El Palacio del Segundo Cabo. Una filigrana apócrifa para Libélula.


Ha venido, Libélula, tu emisario al palacio tardo barroco, dicen que herreriano, y se ha topado en el pórtico con el indecente Fernando, alias “El Deseado”, séptimo de su nombre. De frente, es el mismo reyezuelo; de perfil, aplatanado como parece hallarse, amenaza con aligerar la vejiga delante de los viandantes; o exhibir sus reales atributos ante las risueñas habaneras que tanto nubio han contemplado ya. ¡Ridículo destino! Fijaos, Libélula mía, como sostiene este infeliz el cetro de su entrepierna bajo el mediodía insular. ¡Cuánto bochorno!

He cumplido la misión encomendada; traspuse la portada ceñida por el escudo de las Españas; me introduje en el patio, que había creído más ancho; fui a escudriñar las librerías y los almacenes. Por bagatelas venden todo, en comparación con los ducados que me exigen los libreros de la plaza. ¡Quién lo diría: vale más ahora hacerse a la costumbre áulica!

¿Raudal decíais? No he podido hallarlo. Una nariz como griega que bajaba, parsimoniosa, ¿sería la princesa Basilisa Papastamatía? Jaque mate para mí: no era la Papastamota, pero da igual, una prima que hace una sangría en su biblioteca me ha obsequiado con “Paisaje habitual”. Bebamos una copa por ella.

En el patio, a la derecha, hay algo como una lápida cuadriculada o piedra de Roseta; está borrada, nada dice. ¿Qué hacer con un texto tan reticente?

Libélula querida, de una hoja revoltosa que bajaba del cielo he hecho una lengua, digo, un barco de fuego, y lo he puesto en las aguas de la bahía. Confío en que ha de llegarte el mensaje allende el Atlántico: las piedras verdes del palacio soplan donde La Habana quiere…

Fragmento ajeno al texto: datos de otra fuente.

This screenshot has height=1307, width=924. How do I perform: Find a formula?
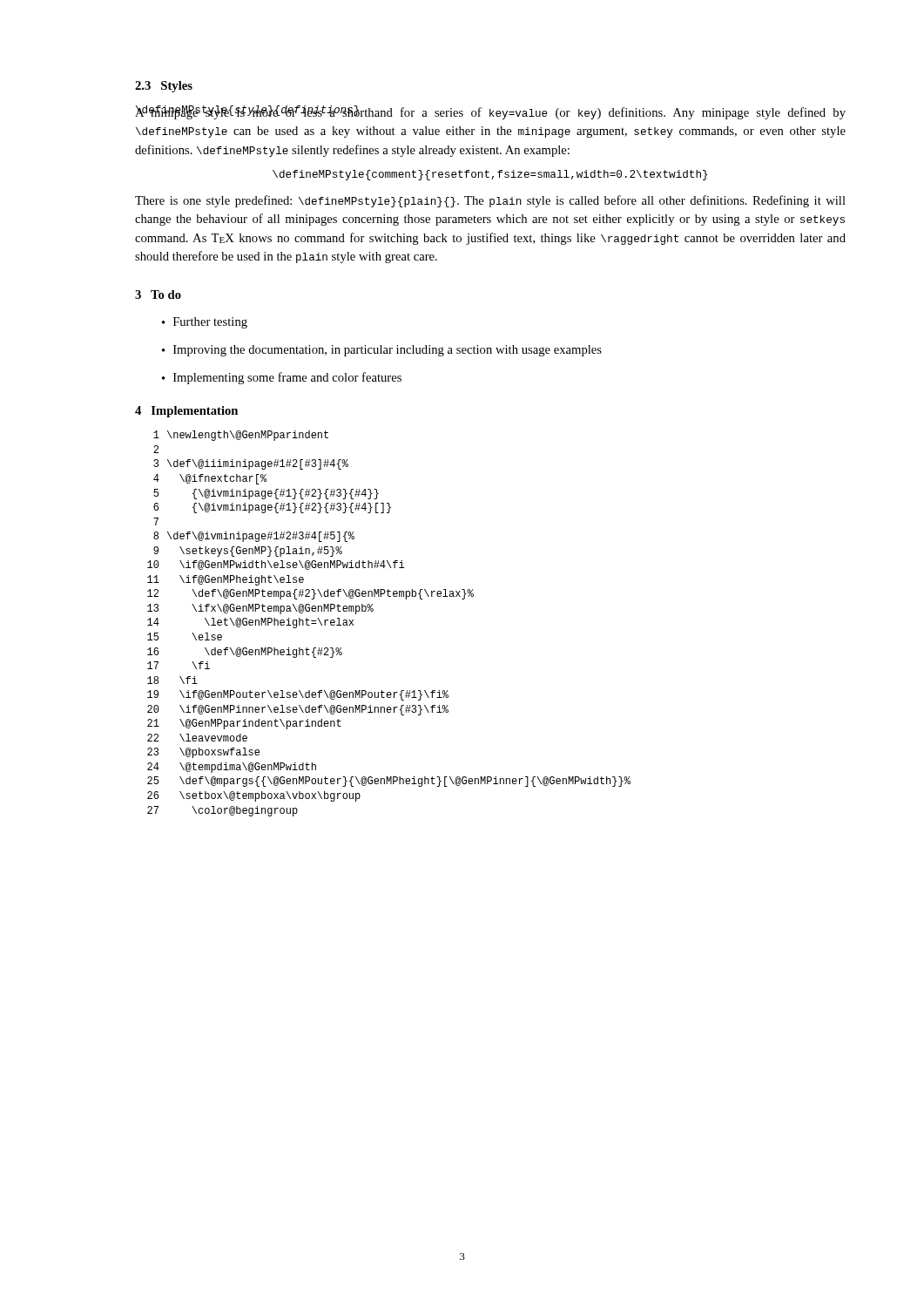pyautogui.click(x=490, y=175)
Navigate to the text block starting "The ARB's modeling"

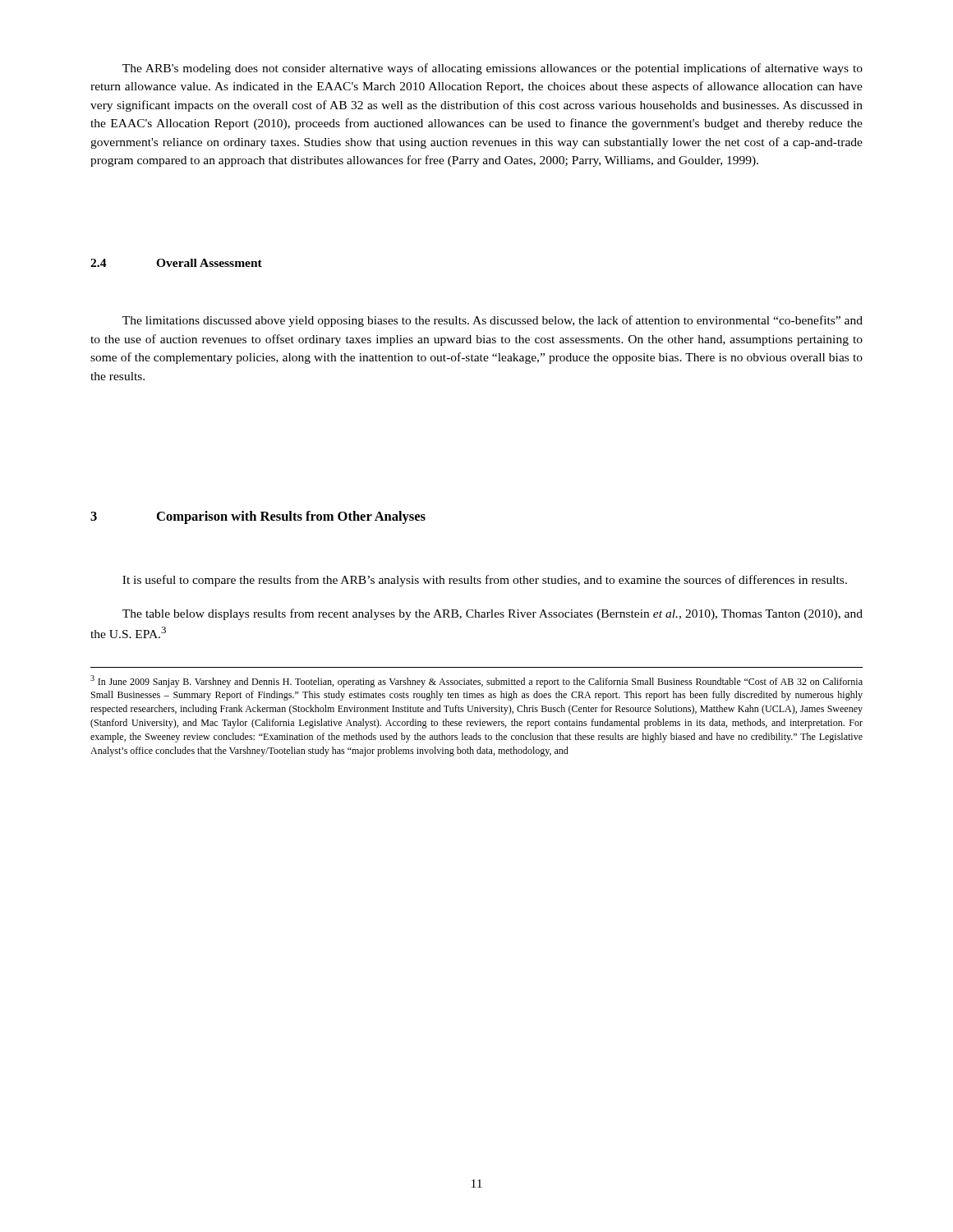click(476, 115)

jueves, 9 de julio de 2009

Por qué no me gusta el capitolio de La Habana


Tenemos capitolio. La Estatua de la República, de facciones masculinas, cuerpo griego y pose de Atenea, preside la primera estancia. A sus pies, empotrado en el mármol, se guarda el diamante que indica el principio de los caminos de la Isla. Empero, yo entré por la puerta trasera, circunstancia que siempre invierte los cristales de mirar y permite percibir cómo lo grande se torna superfluo. Por detrás, el capitolio tiene algo de monasterio en las nervaduras de la bóveda, algo de estancia sórdida que refuerzan tantos emblemas de la nación –los escudos- custodiados por el grifo, animal de uña y pico rapaz. Al centro, en una habitación ocre de estuco desvaído, hay un busto blanco, un Martí sin expresión; este es el sitio donde he experimentado la más tangible ausencia de Martí y toda la tristeza de la República.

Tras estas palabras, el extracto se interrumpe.